### The input ###

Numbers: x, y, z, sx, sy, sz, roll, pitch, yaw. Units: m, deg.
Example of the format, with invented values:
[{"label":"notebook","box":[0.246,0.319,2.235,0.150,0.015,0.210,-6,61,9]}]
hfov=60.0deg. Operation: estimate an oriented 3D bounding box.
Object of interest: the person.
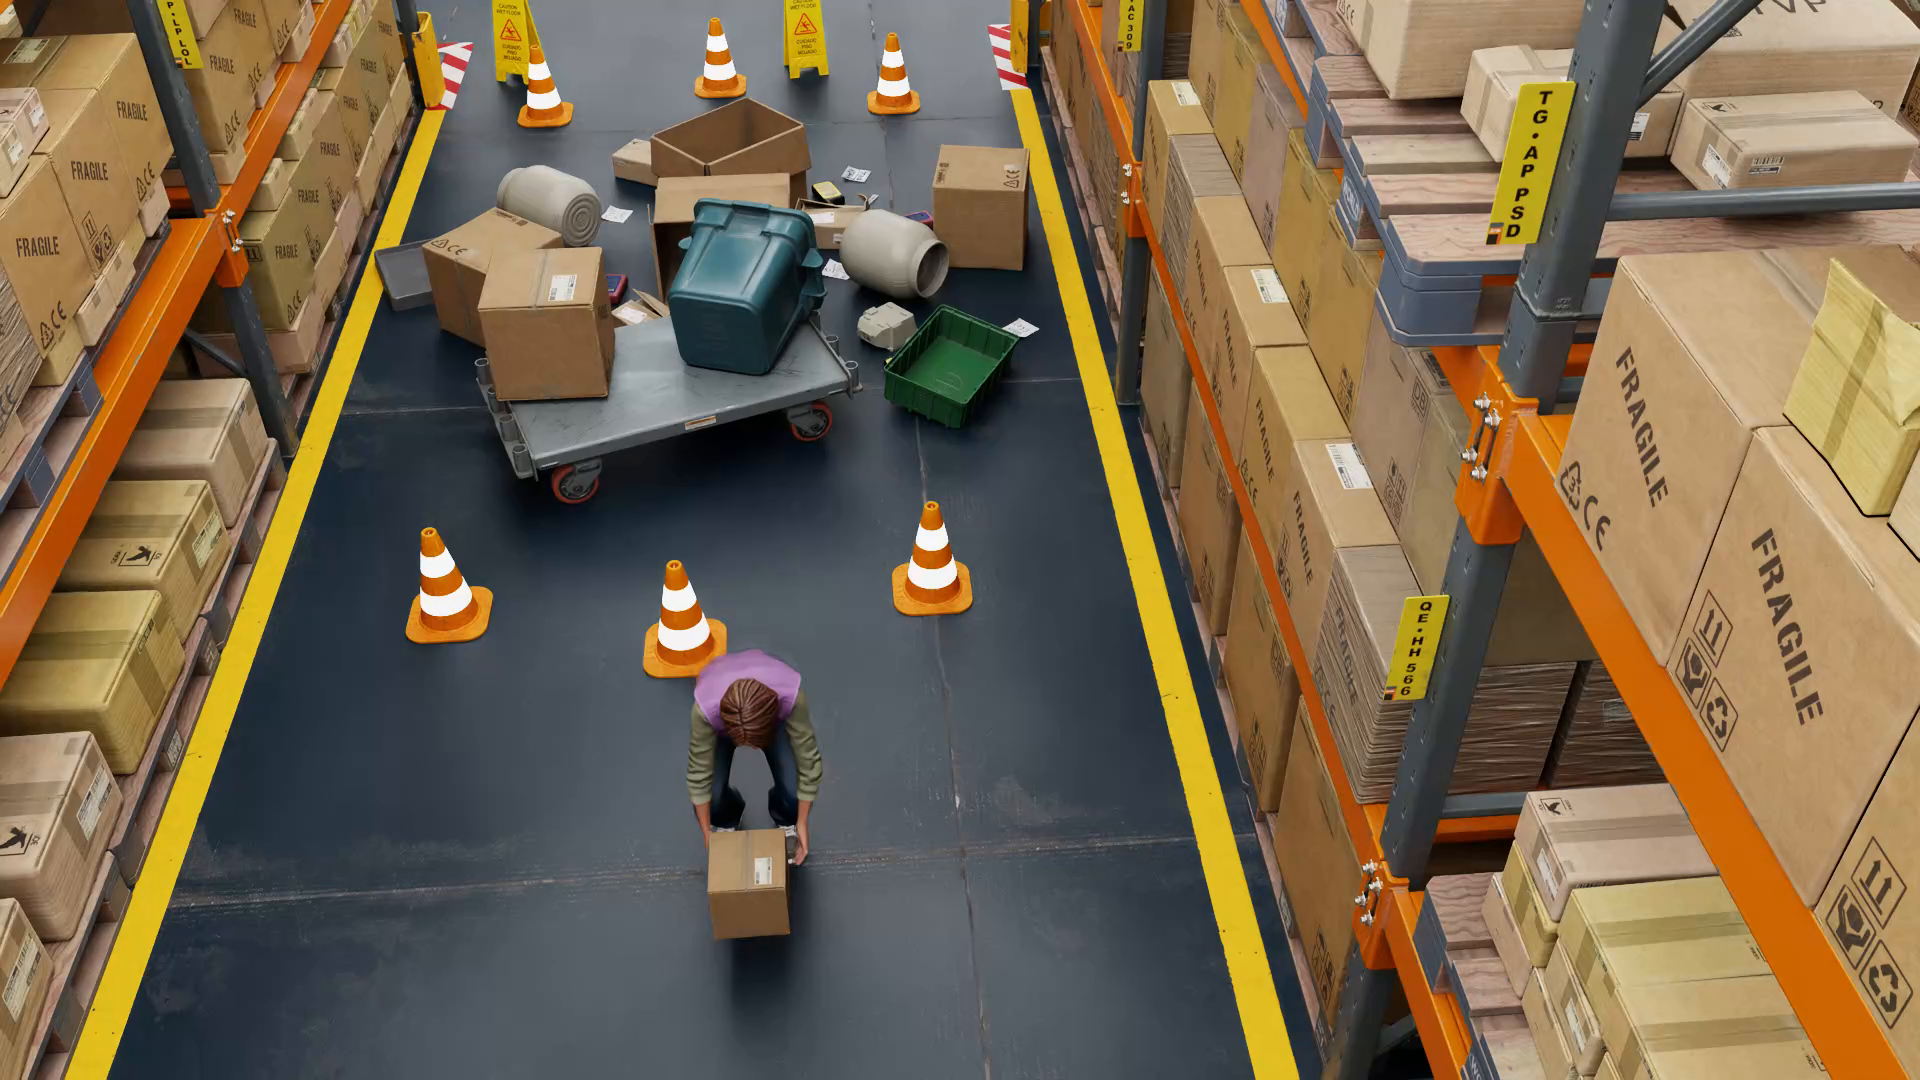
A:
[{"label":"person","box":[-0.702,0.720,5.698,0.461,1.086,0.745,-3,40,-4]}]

###
### The input ###

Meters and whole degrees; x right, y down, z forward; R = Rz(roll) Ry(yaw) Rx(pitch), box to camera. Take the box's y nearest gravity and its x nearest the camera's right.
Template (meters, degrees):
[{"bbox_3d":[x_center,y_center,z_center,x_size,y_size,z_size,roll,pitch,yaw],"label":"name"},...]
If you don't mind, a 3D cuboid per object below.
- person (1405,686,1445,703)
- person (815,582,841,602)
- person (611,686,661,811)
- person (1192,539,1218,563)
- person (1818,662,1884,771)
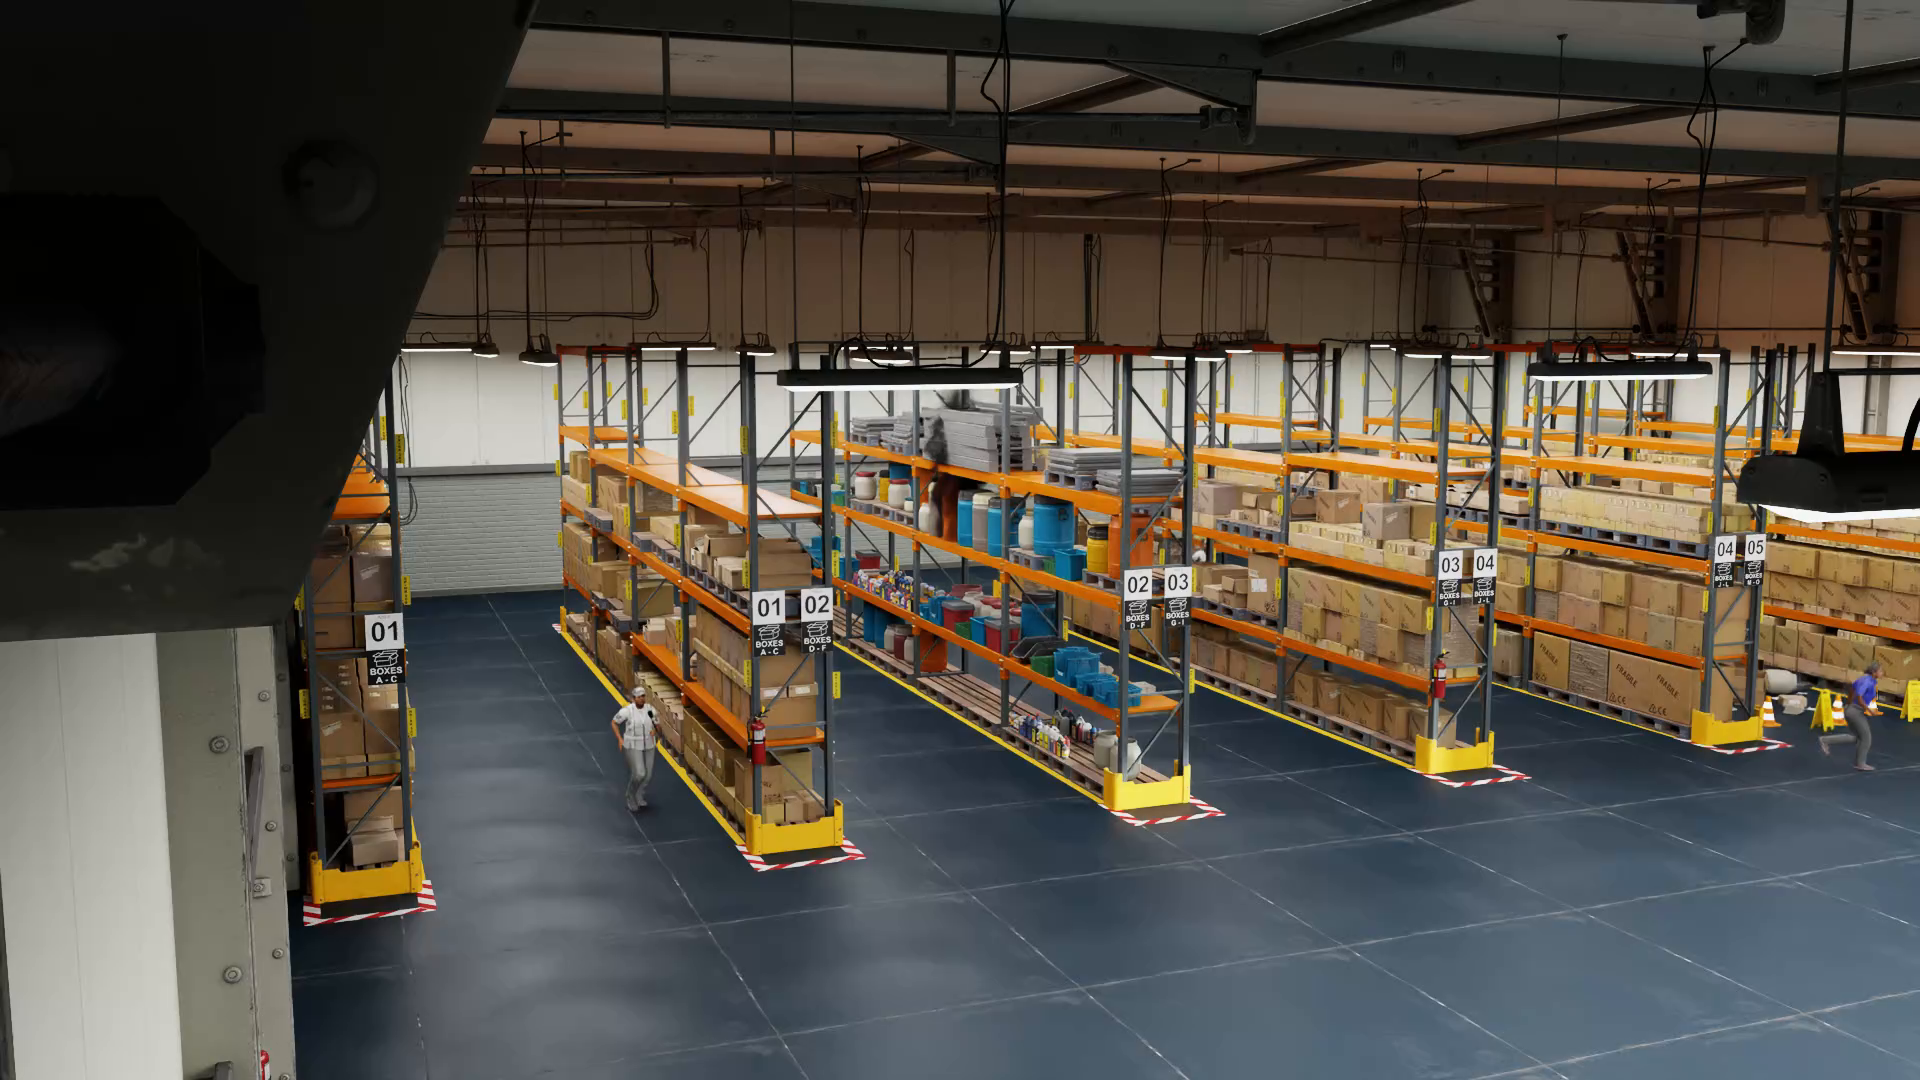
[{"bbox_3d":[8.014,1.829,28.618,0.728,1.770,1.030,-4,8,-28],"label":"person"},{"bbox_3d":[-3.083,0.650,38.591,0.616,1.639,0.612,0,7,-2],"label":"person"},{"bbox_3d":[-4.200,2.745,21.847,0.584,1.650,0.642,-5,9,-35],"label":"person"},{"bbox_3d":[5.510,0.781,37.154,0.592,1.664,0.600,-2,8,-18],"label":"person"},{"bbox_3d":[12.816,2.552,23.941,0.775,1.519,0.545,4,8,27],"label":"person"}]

###
### The input ###

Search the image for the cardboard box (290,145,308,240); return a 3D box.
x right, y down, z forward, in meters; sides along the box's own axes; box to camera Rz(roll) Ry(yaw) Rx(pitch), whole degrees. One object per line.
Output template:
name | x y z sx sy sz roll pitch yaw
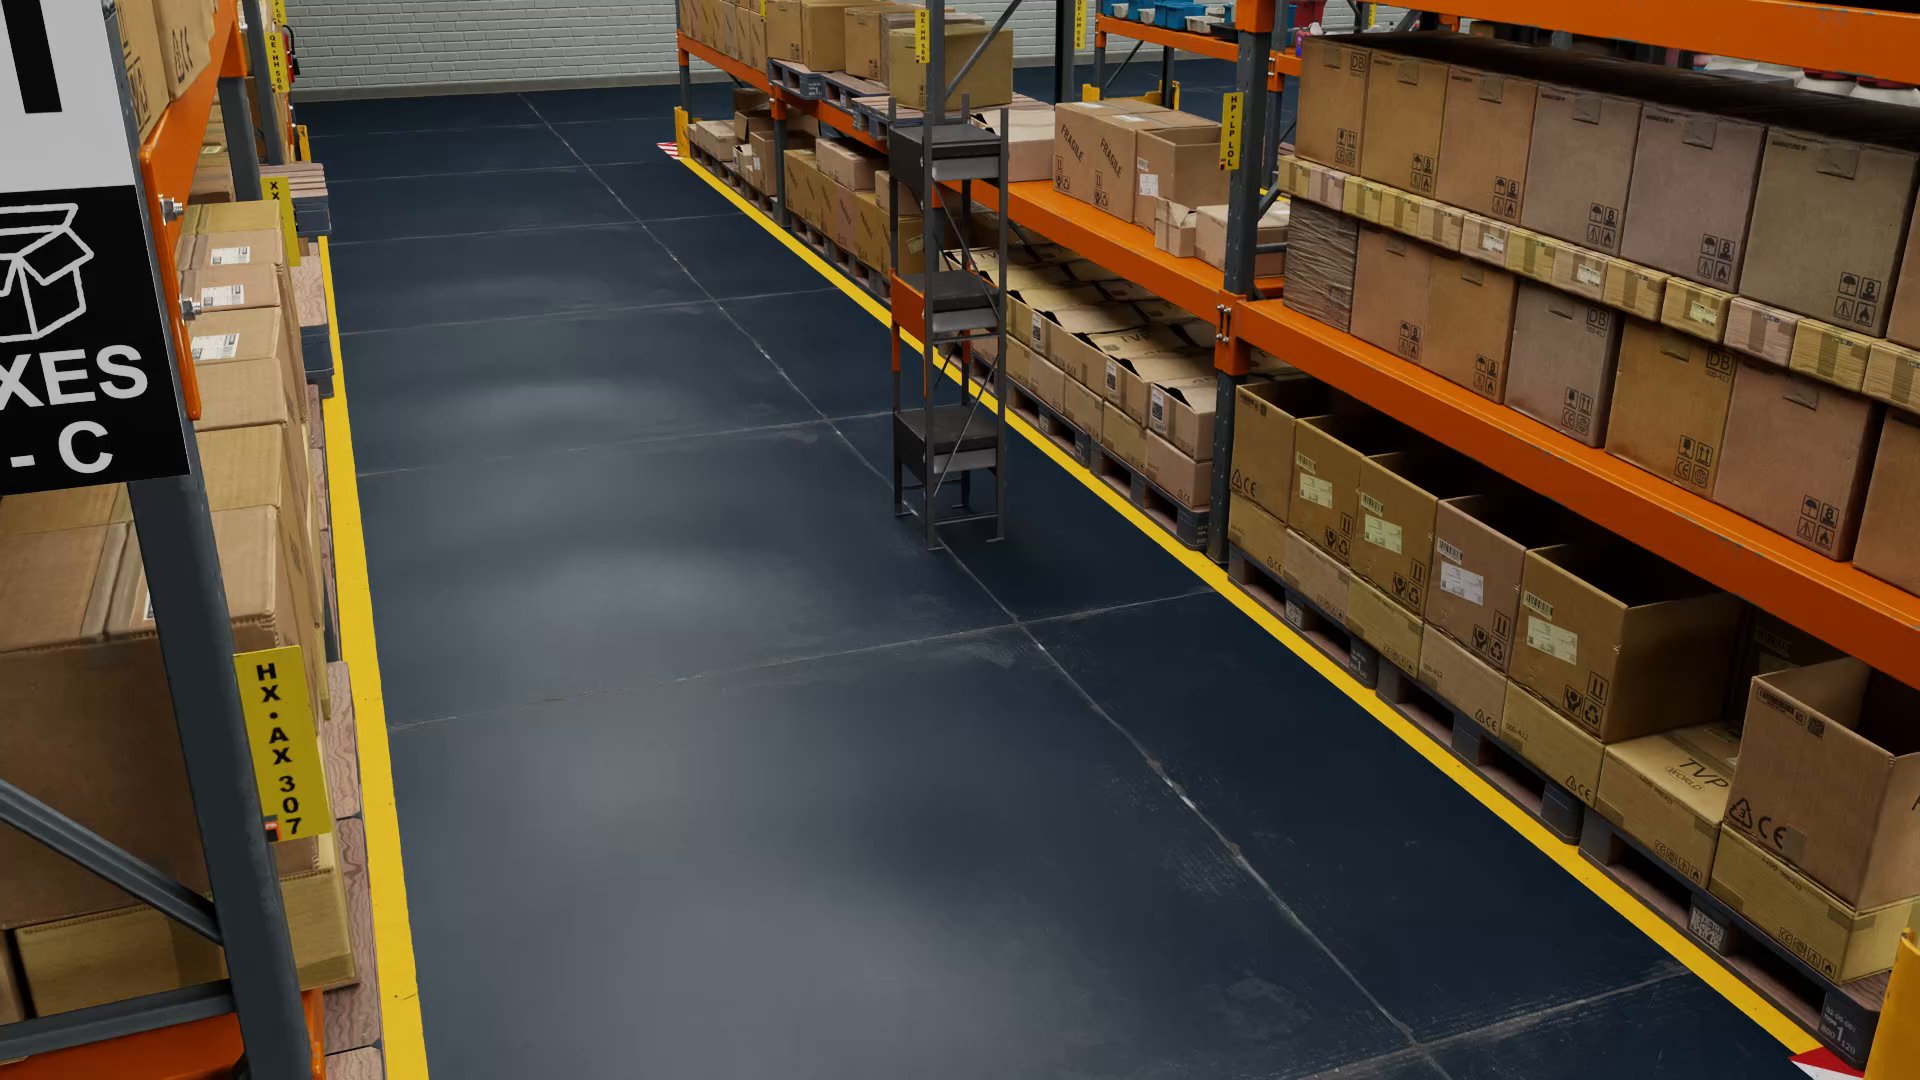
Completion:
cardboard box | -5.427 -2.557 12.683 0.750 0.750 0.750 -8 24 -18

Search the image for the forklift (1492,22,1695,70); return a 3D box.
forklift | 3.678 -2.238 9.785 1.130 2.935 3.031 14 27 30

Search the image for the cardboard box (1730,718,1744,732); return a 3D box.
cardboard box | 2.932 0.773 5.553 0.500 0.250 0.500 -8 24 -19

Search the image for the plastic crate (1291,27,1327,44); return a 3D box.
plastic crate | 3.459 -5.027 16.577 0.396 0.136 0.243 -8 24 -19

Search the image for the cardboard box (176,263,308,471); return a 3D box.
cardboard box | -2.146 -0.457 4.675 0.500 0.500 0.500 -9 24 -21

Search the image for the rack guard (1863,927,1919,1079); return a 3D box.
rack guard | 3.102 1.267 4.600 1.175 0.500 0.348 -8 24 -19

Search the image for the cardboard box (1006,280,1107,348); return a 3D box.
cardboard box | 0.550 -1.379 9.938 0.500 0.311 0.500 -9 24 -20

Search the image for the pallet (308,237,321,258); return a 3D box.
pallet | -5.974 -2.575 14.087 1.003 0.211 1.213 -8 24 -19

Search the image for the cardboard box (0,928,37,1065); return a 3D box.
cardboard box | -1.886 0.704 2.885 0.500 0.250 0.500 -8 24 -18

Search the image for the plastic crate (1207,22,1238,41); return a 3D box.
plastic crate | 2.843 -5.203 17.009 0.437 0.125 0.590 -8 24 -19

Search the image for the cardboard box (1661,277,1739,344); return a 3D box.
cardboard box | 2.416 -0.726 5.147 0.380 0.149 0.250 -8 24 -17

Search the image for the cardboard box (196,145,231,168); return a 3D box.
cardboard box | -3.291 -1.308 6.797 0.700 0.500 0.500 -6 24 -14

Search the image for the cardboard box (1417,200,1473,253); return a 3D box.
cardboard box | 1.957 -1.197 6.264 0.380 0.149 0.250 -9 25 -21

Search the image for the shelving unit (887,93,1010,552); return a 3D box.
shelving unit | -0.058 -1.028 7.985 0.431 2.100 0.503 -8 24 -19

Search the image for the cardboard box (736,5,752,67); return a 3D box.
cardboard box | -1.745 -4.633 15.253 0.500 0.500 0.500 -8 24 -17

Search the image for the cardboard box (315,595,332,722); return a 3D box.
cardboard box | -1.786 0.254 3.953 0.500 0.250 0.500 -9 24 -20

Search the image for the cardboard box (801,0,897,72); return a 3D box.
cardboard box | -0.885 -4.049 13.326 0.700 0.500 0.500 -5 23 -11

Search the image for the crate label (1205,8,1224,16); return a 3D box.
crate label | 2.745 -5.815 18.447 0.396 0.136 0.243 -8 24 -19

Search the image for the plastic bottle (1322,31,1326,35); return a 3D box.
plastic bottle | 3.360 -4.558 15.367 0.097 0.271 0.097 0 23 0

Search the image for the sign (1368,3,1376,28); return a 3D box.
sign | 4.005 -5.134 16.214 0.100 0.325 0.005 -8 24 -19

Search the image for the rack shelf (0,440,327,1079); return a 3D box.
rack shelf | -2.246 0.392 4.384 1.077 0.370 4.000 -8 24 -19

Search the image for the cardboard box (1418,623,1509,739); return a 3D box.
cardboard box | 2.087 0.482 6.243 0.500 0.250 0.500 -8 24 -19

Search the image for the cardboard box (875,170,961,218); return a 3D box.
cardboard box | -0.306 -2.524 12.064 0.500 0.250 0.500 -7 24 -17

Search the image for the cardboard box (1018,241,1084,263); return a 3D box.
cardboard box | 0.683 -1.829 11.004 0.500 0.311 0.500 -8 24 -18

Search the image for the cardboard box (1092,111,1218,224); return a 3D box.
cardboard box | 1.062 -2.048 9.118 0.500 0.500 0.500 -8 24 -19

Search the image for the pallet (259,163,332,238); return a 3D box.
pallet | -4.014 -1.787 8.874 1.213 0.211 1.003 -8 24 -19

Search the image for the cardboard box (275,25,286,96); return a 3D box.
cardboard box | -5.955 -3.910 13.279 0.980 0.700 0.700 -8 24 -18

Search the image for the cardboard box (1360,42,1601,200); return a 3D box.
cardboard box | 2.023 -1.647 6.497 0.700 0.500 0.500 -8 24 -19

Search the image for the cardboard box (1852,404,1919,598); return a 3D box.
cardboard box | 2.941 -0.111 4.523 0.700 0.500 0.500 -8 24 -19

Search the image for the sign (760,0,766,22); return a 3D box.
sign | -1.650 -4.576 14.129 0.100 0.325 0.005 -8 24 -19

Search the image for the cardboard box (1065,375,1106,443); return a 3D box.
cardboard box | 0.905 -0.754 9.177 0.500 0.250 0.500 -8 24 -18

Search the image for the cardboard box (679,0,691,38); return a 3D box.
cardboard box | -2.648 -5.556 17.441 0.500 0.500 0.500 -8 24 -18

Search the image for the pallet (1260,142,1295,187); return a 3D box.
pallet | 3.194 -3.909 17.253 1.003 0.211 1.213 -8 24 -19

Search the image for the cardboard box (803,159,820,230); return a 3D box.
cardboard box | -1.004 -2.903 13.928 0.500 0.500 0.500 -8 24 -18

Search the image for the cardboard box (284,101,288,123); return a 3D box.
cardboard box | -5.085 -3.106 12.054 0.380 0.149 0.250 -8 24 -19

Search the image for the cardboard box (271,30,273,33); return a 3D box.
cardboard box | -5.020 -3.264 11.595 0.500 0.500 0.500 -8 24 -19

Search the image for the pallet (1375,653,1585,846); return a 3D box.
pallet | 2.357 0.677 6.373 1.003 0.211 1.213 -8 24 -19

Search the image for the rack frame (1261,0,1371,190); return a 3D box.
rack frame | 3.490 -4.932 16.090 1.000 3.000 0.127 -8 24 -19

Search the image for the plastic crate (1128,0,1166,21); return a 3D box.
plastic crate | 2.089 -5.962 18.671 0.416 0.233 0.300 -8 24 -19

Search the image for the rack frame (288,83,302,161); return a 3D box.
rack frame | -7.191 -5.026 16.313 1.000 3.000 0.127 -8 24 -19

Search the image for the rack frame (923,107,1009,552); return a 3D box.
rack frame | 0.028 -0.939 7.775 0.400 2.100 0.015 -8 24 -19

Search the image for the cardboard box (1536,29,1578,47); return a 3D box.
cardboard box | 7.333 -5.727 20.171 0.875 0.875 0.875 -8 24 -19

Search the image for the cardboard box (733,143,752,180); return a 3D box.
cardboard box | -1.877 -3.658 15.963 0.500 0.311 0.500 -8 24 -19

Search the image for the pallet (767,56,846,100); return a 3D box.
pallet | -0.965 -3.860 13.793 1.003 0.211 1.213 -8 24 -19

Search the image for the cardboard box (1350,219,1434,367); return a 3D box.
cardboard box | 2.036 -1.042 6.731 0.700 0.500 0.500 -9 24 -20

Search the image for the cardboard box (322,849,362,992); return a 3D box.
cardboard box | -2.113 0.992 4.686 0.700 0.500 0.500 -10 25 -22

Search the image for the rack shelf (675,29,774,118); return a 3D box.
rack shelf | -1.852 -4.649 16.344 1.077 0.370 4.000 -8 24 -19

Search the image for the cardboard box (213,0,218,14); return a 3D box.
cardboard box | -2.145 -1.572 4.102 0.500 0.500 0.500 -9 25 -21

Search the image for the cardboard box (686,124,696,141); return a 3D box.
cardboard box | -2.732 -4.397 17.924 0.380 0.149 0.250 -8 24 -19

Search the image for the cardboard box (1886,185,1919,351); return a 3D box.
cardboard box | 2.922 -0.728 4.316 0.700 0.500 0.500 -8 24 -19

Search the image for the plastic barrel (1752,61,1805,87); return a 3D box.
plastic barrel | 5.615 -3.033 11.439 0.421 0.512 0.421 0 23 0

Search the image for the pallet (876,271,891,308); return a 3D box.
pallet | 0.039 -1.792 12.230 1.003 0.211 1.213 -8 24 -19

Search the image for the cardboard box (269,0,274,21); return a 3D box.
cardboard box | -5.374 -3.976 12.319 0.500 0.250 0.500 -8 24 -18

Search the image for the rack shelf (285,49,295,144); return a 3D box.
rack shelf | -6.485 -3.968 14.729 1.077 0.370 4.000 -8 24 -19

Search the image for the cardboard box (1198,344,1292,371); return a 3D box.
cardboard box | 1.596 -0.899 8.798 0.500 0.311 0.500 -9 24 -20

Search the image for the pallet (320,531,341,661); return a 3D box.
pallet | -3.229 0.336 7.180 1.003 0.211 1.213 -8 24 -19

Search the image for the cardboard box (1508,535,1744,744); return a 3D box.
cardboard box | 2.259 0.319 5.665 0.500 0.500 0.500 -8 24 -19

###

> _What to do_:
Say how many lines of the material hold the string "name". Nothing else should be written.

> _Result of this exercise_:
2